I applied yet again explaining the error and once again refused. Then I went to the lawyers and filed my case twice yet again refused. No cogent reasons given. By now, the hotel had debited, flight tickets were non-refundable, multiple visa fees gone and the lawyers had been paid. In disbelief, I realized I had spent more than 75 percent of the scholarship money.
In painful tears, I departed for studies and to my dismay, the 25 percent left was no match for exchange rates when converted. After settling in and three months abroad house rent, all the scholarship money had gone. So here I was, distanced from family with books to read, essays to write and of course no scholarship money left. Naturally, I was dispirited, disconsolate and disheartened.

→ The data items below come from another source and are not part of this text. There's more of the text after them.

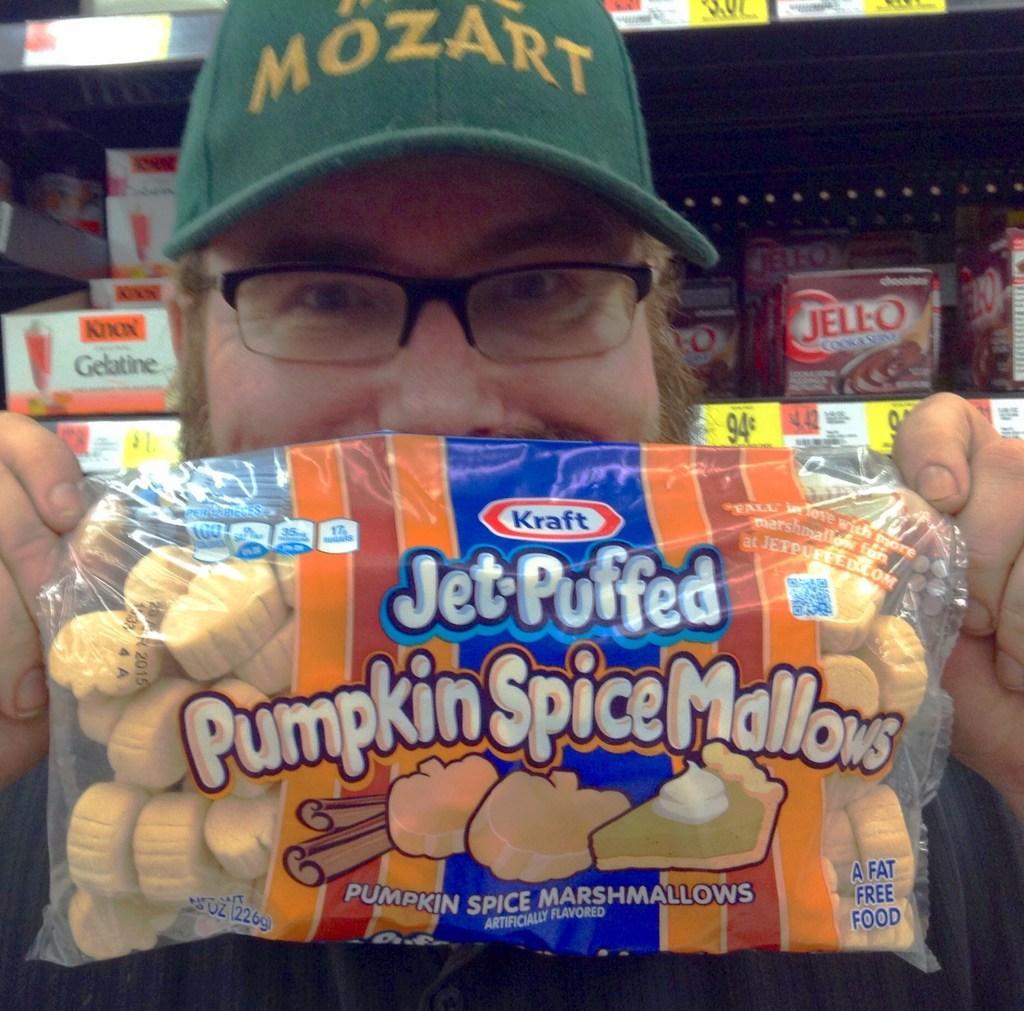Describe this image in one or two sentences. In this image, we can see a man holding a packet, he is wearing a hat and specs, in the background, we can see some products in the rack. 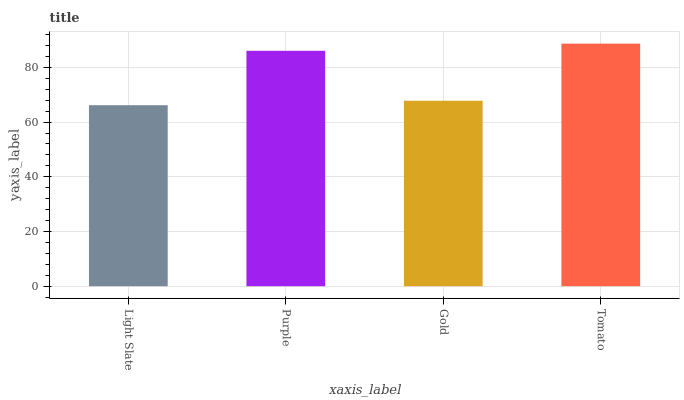Is Light Slate the minimum?
Answer yes or no. Yes. Is Tomato the maximum?
Answer yes or no. Yes. Is Purple the minimum?
Answer yes or no. No. Is Purple the maximum?
Answer yes or no. No. Is Purple greater than Light Slate?
Answer yes or no. Yes. Is Light Slate less than Purple?
Answer yes or no. Yes. Is Light Slate greater than Purple?
Answer yes or no. No. Is Purple less than Light Slate?
Answer yes or no. No. Is Purple the high median?
Answer yes or no. Yes. Is Gold the low median?
Answer yes or no. Yes. Is Gold the high median?
Answer yes or no. No. Is Purple the low median?
Answer yes or no. No.

Then my survival instincts kicked in. I had survived unemployment, survived a take home salary that never took me home. I had survived travelling several long distances to 31 states in search of ‘daily bread’ no matter how much was paid. I had survived disappointment, sense of failure, depression and ‘poverty’ and then I realized I had been through ‘this kind of road’ before and if I could survive all those harrowing experiences, I would not succumb to this. I said to myself, ‘I have seen 99 what is 100? 
Determined, I put ‘fine boy’ aside and got to work. By day, I was a factory worker, plate washer, sandwich maker and customer service agent. At night, a care giver, bar tender and support worker. On Saturdays, an event MC and on Sundays, I was an Usher and a Sunday School Teacher. Every other day, I was a student and would read while travelling on trains and buses to my various work destinations. Always on the move, I recouped all that I had lost and saved for my numerous travel ‘odysseys’. I bagged more than a Master’s degree certificate in the end. I finished top of my class but beyond that I also bagged a new kind of certificate, ‘sabificate’. To ‘sabi’ is to know.
That was years ago, but all those experiences would nudge me to the man I am becoming. My factory work taught me the value of hard work and diligence. Plate washing how to give a helping hand at home. Sandwich making sharpened my culinary skills and customer service how to sell brilliant research ideas. My bar shifts made me a wine connoisseur and my care giving role, made me an auxiliary nurse. Through my Saturday work, I mastered the fine art of speaking. My Sunday work, the beauty of teaching people.
For I have realized that life is a process and a journey. The ‘process of the journey’ and the ‘journey of the process’ often brings sweet and bitter experiences. In the end, nothing we go through is wasted.